Final answer:
The definition of sexual harassment includes any unwanted sexually-based behavior that affects employment. Title VII of the Civil Rights Act of 1964 prohibits such discrimination in the workplace, without stating a specific employer size for these provisions to apply. Local laws may define 'employer' differently, with some setting a minimum number of employees.
Step-by-step explanation:
The definition of sexual harassment is broad and encompasses any sexually-based behavior that is knowingly unwanted and has an adverse effect on a person's employment status, interferes with job performance, or creates a hostile or intimidating work environment. Under Title VII of the Civil Rights Act of 1964, it is unlawful for an employer to discriminate against an individual because of their sex which includes harassment. The Equal Employment Opportunity Commission (EEOC) makes it clear that the harasser can be the victim's supervisor, a co-worker, or even someone who is not an employee, such as a client or customer.
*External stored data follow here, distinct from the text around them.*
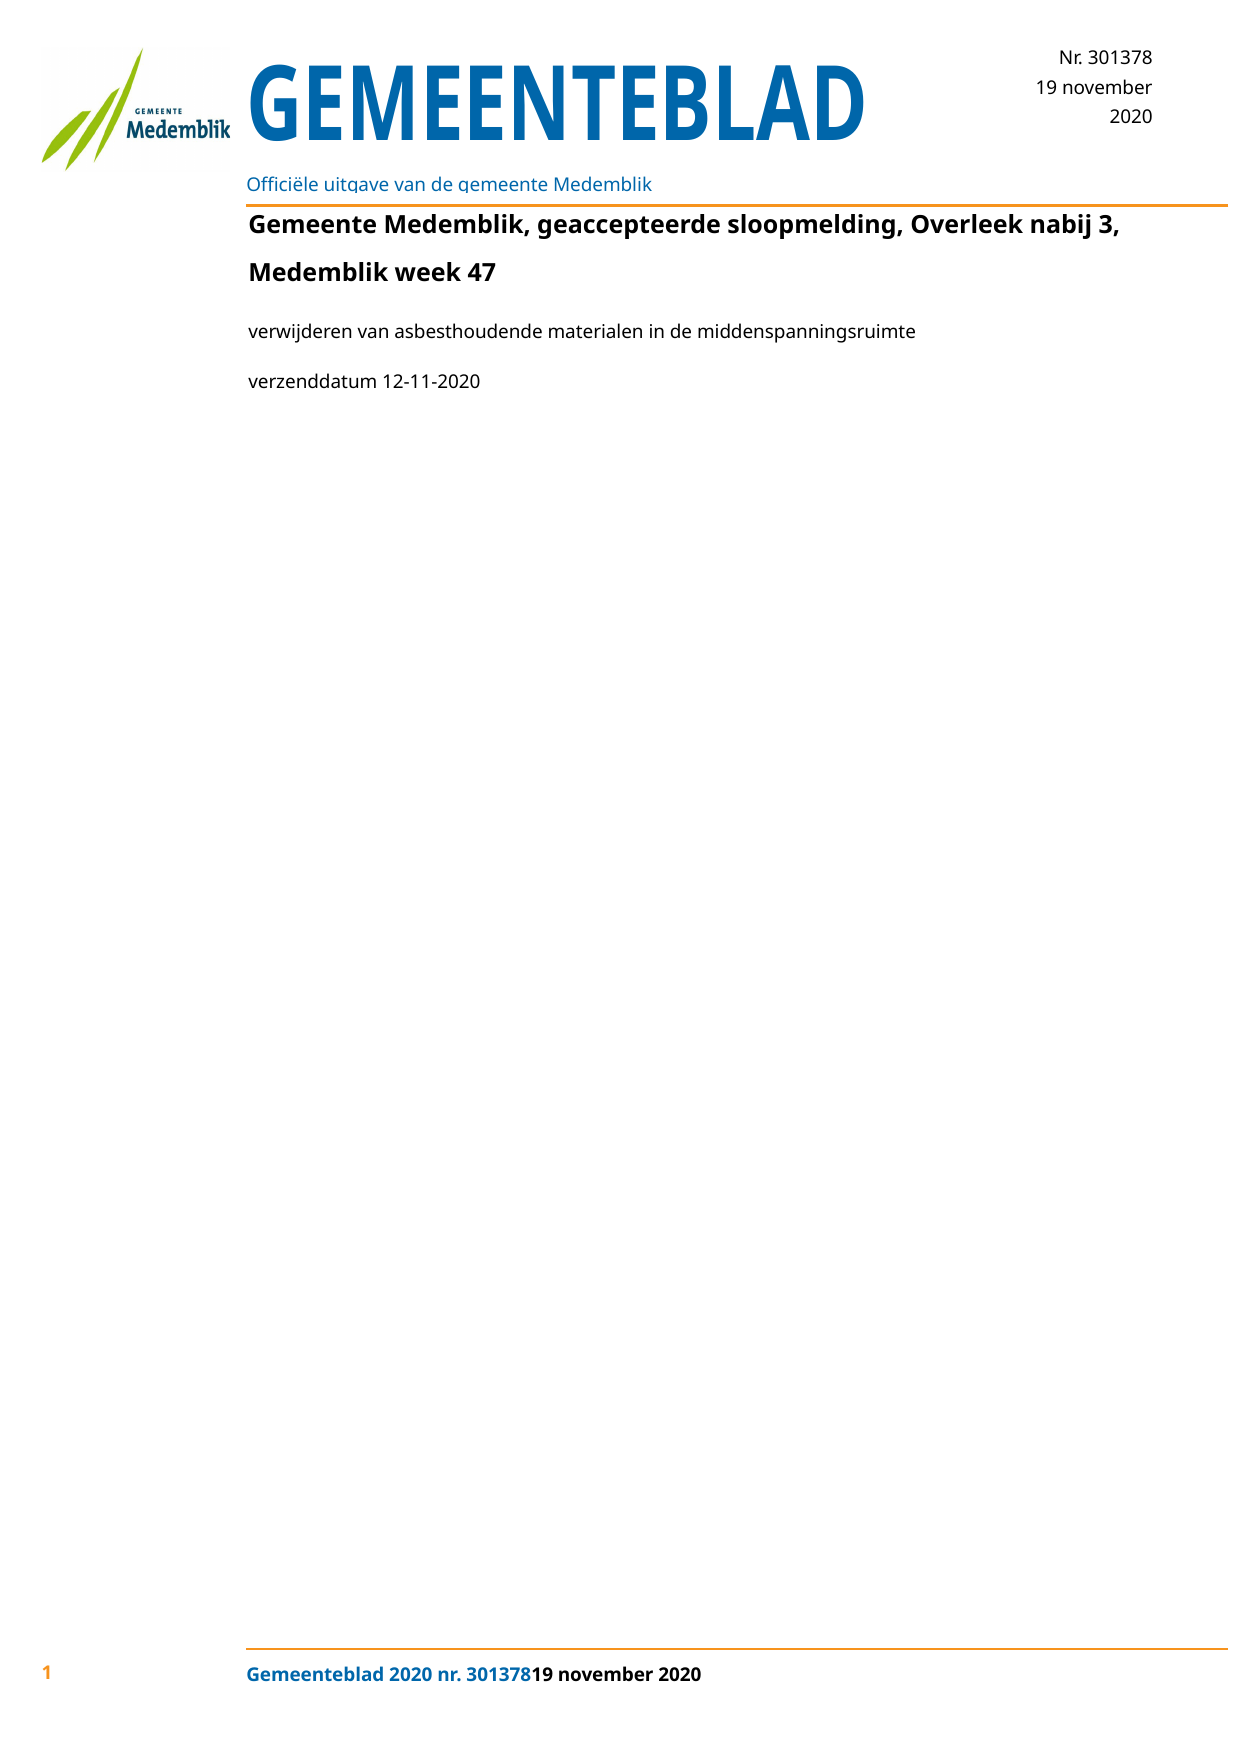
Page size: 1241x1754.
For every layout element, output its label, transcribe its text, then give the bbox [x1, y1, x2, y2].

picture [41, 47, 231, 172]
text verwijderen van asbesthoudende materialen in de middenspanningsruimte [248, 318, 1152, 344]
text Gemeente Medemblik, geaccepteerde sloopmelding, Overleek nabij 3, Medemblik week 47 [248, 207, 1152, 288]
text verzenddatum 12-11-2020 [248, 368, 1152, 394]

When the Supreme Court ruled that employers are responsible for maintaining a harassment-free workplace, it did not limit this responsibility to a certain size of the employer. However, some state laws and smaller jurisdictions may define 'employer' for the purposes of anti-discrimination laws more narrowly, sometimes setting a minimum number of employees. It's essential to check the specific laws applicable in a specific jurisdiction to understand the exact definitions and obligations.